How to calculate a Gaussian kernel matrix efficiently in numpy?

Do you want to use the Gaussian kernel for e.g. image smoothing? If so, there's a function gaussian_filter() in scipy:

Updated answer

This should work - while it's still not 100% accurate, it attempts to account for the probability mass within each cell of the grid. I think that using the probability density at the midpoint of each cell is slightly less accurate, especially for small kernels. See https://homepages.inf.ed.ac.uk/rbf/HIPR2/gsmooth.htm for an example.

import numpy as np
import scipy.stats as st

def gkern(kernlen=21, nsig=3):
    """Returns a 2D Gaussian kernel."""

    x = np.linspace(-nsig, nsig, kernlen+1)
    kern1d = np.diff(st.norm.cdf(x))
    kern2d = np.outer(kern1d, kern1d)
    return kern2d/kern2d.sum()

Testing it on the example in Figure 3 from the link:

gkern(5, 2.5)*273

gives

array([[ 1.0278445 ,  4.10018648,  6.49510362,  4.10018648,  1.0278445 ],
       [ 4.10018648, 16.35610171, 25.90969361, 16.35610171,  4.10018648],
       [ 6.49510362, 25.90969361, 41.0435344 , 25.90969361,  6.49510362],
       [ 4.10018648, 16.35610171, 25.90969361, 16.35610171,  4.10018648],
       [ 1.0278445 ,  4.10018648,  6.49510362,  4.10018648,  1.0278445 ]])

The original (accepted) answer below accepted is wrong The square root is unnecessary, and the definition of the interval is incorrect.

import numpy as np
import scipy.stats as st

def gkern(kernlen=21, nsig=3):
    """Returns a 2D Gaussian kernel array."""

    interval = (2*nsig+1.)/(kernlen)
    x = np.linspace(-nsig-interval/2., nsig+interval/2., kernlen+1)
    kern1d = np.diff(st.norm.cdf(x))
    kernel_raw = np.sqrt(np.outer(kern1d, kern1d))
    kernel = kernel_raw/kernel_raw.sum()
    return kernel

I myself used the accepted answer for my image processing, but I find it (and the other answers) too dependent on other modules.
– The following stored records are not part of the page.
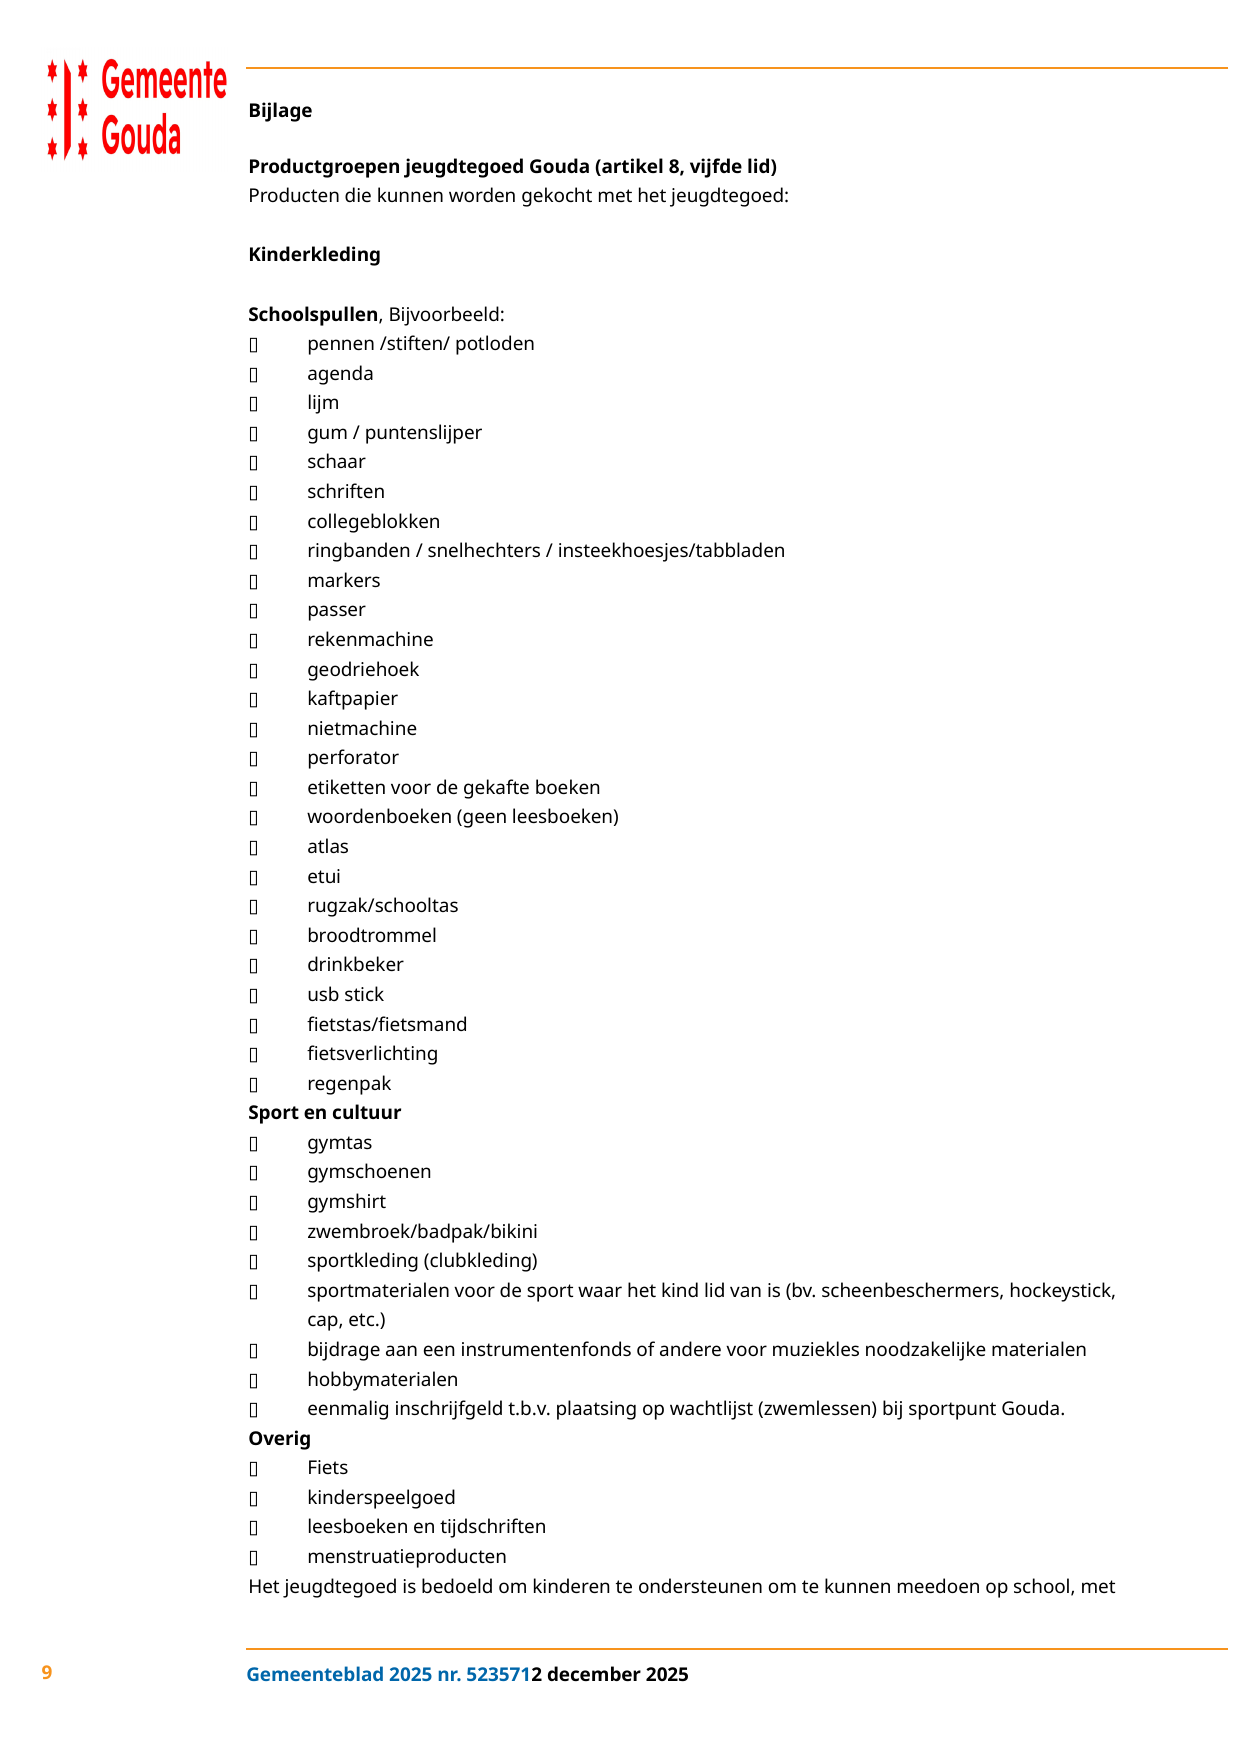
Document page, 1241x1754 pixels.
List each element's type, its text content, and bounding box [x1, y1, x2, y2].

list etiketten voor de gekafte boeken [248, 774, 1152, 800]
list leesboeken en tijdschriften [248, 1514, 1152, 1539]
list schaar [248, 449, 1152, 474]
text Producten die kunnen worden gekocht met het jeugdtegoed: [248, 182, 1152, 208]
list kinderspeelgoed [248, 1484, 1152, 1510]
list fietstas/fietsmand [248, 1011, 1152, 1037]
list rugzak/schooltas [248, 892, 1152, 918]
list hobbymaterialen [248, 1366, 1152, 1392]
list woordenboeken (geen leesboeken) [248, 804, 1152, 829]
list gymschoenen [248, 1159, 1152, 1184]
list atlas [248, 833, 1152, 859]
list ringbanden / snelhechters / insteekhoesjes/tabbladen [248, 537, 1152, 563]
list menstruatieproducten [248, 1543, 1152, 1569]
list etui [248, 863, 1152, 889]
list sportkleding (clubkleding) [248, 1247, 1152, 1273]
text Overig [248, 1425, 1152, 1451]
list drinkbeker [248, 952, 1152, 977]
list Fiets [248, 1454, 1152, 1480]
list fietsverlichting [248, 1040, 1152, 1066]
list eenmalig inschrijfgeld t.b.v. plaatsing op wachtlijst (zwemlessen) bij sportpunt Gouda. [248, 1395, 1152, 1421]
list schriften [248, 478, 1152, 504]
text Productgroepen jeugdtegoed Gouda (artikel 8, vijfde lid) [248, 153, 1152, 179]
list regenpak [248, 1070, 1152, 1096]
list passer [248, 597, 1152, 622]
list geodriehoek [248, 656, 1152, 682]
list sportmaterialen voor de sport waar het kind lid van is (bv. scheenbeschermers, hockeystick, cap, etc.) [248, 1277, 1152, 1332]
list agenda [248, 360, 1152, 386]
list nietmachine [248, 715, 1152, 741]
list collegeblokken [248, 508, 1152, 534]
list usb stick [248, 981, 1152, 1007]
list broodtrommel [248, 922, 1152, 948]
list zwembroek/badpak/bikini [248, 1218, 1152, 1244]
text Schoolspullen, Bijvoorbeeld: [248, 301, 1152, 327]
list pennen /stiften/ potloden [248, 330, 1152, 356]
list gymshirt [248, 1188, 1152, 1214]
text Het jeugdtegoed is bedoeld om kinderen te ondersteunen om te kunnen meedoen op school, met [248, 1573, 1152, 1599]
list perforator [248, 744, 1152, 770]
text Bijlage [248, 95, 1152, 123]
text Kinderkleding [248, 242, 1152, 267]
list gymtas [248, 1129, 1152, 1155]
list bijdrage aan een instrumentenfonds of andere voor muziekles noodzakelijke materialen [248, 1336, 1152, 1362]
picture [41, 47, 231, 172]
list lijm [248, 389, 1152, 415]
text Sport en cultuur [248, 1099, 1152, 1125]
list rekenmachine [248, 626, 1152, 652]
list gum / puntenslijper [248, 419, 1152, 445]
list kaftpapier [248, 685, 1152, 711]
list markers [248, 567, 1152, 593]
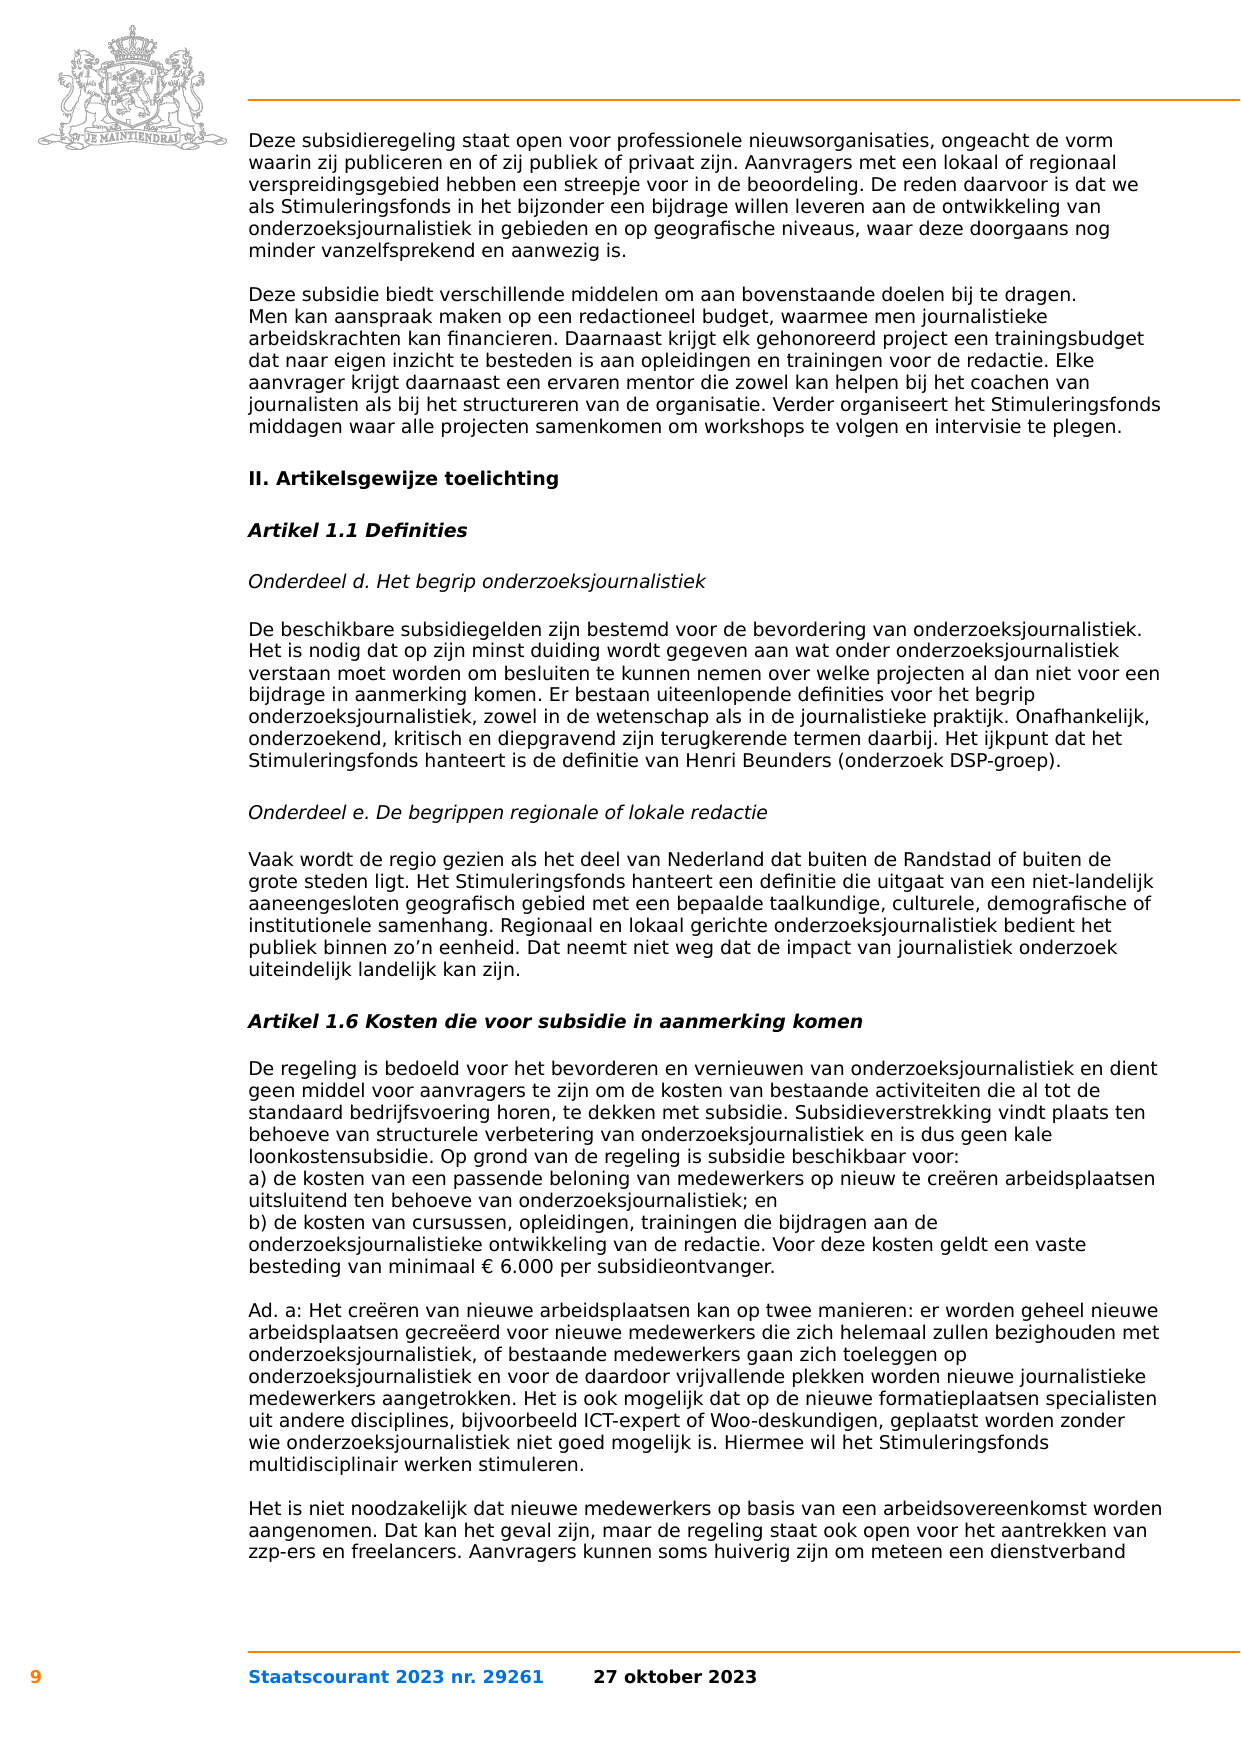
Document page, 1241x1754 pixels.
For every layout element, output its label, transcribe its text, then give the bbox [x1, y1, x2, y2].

text Deze subsidieregeling staat open voor professionele nieuwsorganisaties, ongeacht de vorm waarin zij publiceren en of zij publiek of privaat zijn. Aanvragers met een lokaal of regionaal verspreidingsgebied hebben een streepje voor in de beoordeling. De reden daarvoor is dat we als Stimuleringsfonds in het bijzonder een bijdrage willen leveren aan de ontwikkeling van onderzoeksjournalistiek in gebieden en op geografische niveaus, waar deze doorgaans nog minder vanzelfsprekend en aanwezig is. [248, 130, 1163, 262]
subtitle Onderdeel e. De begrippen regionale of lokale redactie [248, 802, 1163, 824]
text Het is niet noodzakelijk dat nieuwe medewerkers op basis van een arbeidsovereenkomst worden aangenomen. Dat kan het geval zijn, maar de regeling staat ook open voor het aantrekken van zzp-ers en freelancers. Aanvragers kunnen soms huiverig zijn om meteen een dienstverband [248, 1497, 1163, 1563]
text Vaak wordt de regio gezien als het deel van Nederland dat buiten de Randstad of buiten de grote steden ligt. Het Stimuleringsfonds hanteert een definitie die uitgaat van een niet-landelijk aaneengesloten geografisch gebied met een bepaalde taalkundige, culturele, demografische of institutionele samenhang. Regionaal en lokaal gerichte onderzoeksjournalistiek bedient het publiek binnen zo’n eenheid. Dat neemt niet weg dat de impact van journalistiek onderzoek uiteindelijk landelijk kan zijn. [248, 849, 1163, 981]
subtitle Artikel 1.1 Definities [248, 519, 1163, 541]
text Men kan aanspraak maken op een redactioneel budget, waarmee men journalistieke arbeidskrachten kan financieren. Daarnaast krijgt elk gehonoreerd project een trainingsbudget dat naar eigen inzicht te besteden is aan opleidingen en trainingen voor de redactie. Elke aanvrager krijgt daarnaast een ervaren mentor die zowel kan helpen bij het coachen van journalisten als bij het structureren van de organisatie. Verder organiseert het Stimuleringsfonds middagen waar alle projecten samenkomen om workshops te volgen en intervisie te plegen. [248, 306, 1163, 437]
subtitle Onderdeel d. Het begrip onderzoeksjournalistiek [248, 571, 1163, 593]
text De regeling is bedoeld voor het bevorderen en vernieuwen van onderzoeksjournalistiek en dient geen middel voor aanvragers te zijn om de kosten van bestaande activiteiten die al tot de standaard bedrijfsvoering horen, te dekken met subsidie. Subsidieverstrekking vindt plaats ten behoeve van structurele verbetering van onderzoeksjournalistiek en is dus geen kale loonkostensubsidie. Op grond van de regeling is subsidie beschikbaar voor: [248, 1058, 1163, 1168]
text De beschikbare subsidiegelden zijn bestemd voor de bevordering van onderzoeksjournalistiek. Het is nodig dat op zijn minst duiding wordt gegeven aan wat onder onderzoeksjournalistiek verstaan moet worden om besluiten te kunnen nemen over welke projecten al dan niet voor een bijdrage in aanmerking komen. Er bestaan uiteenlopende definities voor het begrip onderzoeksjournalistiek, zowel in de wetenschap als in de journalistieke praktijk. Onafhankelijk, onderzoekend, kritisch en diepgravend zijn terugkerende termen daarbij. Het ijkpunt dat het Stimuleringsfonds hanteert is de definitie van Henri Beunders (onderzoek DSP-groep). [248, 618, 1163, 772]
text b) de kosten van cursussen, opleidingen, trainingen die bijdragen aan de onderzoeksjournalistieke ontwikkeling van de redactie. Voor deze kosten geldt een vaste besteding van minimaal € 6.000 per subsidieontvanger. [248, 1212, 1163, 1278]
subtitle Artikel 1.6 Kosten die voor subsidie in aanmerking komen [248, 1011, 1163, 1033]
text a) de kosten van een passende beloning van medewerkers op nieuw te creëren arbeidsplaatsen uitsluitend ten behoeve van onderzoeksjournalistiek; en [248, 1168, 1163, 1212]
text Deze subsidie biedt verschillende middelen om aan bovenstaande doelen bij te dragen. [248, 284, 1163, 306]
text Ad. a: Het creëren van nieuwe arbeidsplaatsen kan op twee manieren: er worden geheel nieuwe arbeidsplaatsen gecreëerd voor nieuwe medewerkers die zich helemaal zullen bezighouden met onderzoeksjournalistiek, of bestaande medewerkers gaan zich toeleggen op onderzoeksjournalistiek en voor de daardoor vrijvallende plekken worden nieuwe journalistieke medewerkers aangetrokken. Het is ook mogelijk dat op de nieuwe formatieplaatsen specialisten uit andere disciplines, bijvoorbeeld ICT-expert of Woo-deskundigen, geplaatst worden zonder wie onderzoeksjournalistiek niet goed mogelijk is. Hiermee wil het Stimuleringsfonds multidisciplinair werken stimuleren. [248, 1300, 1163, 1476]
subtitle II. Artikelsgewijze toelichting [248, 467, 1163, 489]
picture [38, 25, 227, 150]

Therefore, here is my compact solution:

import numpy as np
   
def gkern(l=5, sig=1.):
    """\
    creates gaussian kernel with side length `l` and a sigma of `sig`
    """
    ax = np.linspace(-(l - 1) / 2., (l - 1) / 2., l)
    gauss = np.exp(-0.5 * np.square(ax) / np.square(sig))
    kernel = np.outer(gauss, gauss)
    return kernel / np.sum(kernel)

Edit: Changed arange to linspace to handle even side lengths

Edit: Use separability for faster computation, thank you Yves Daoust.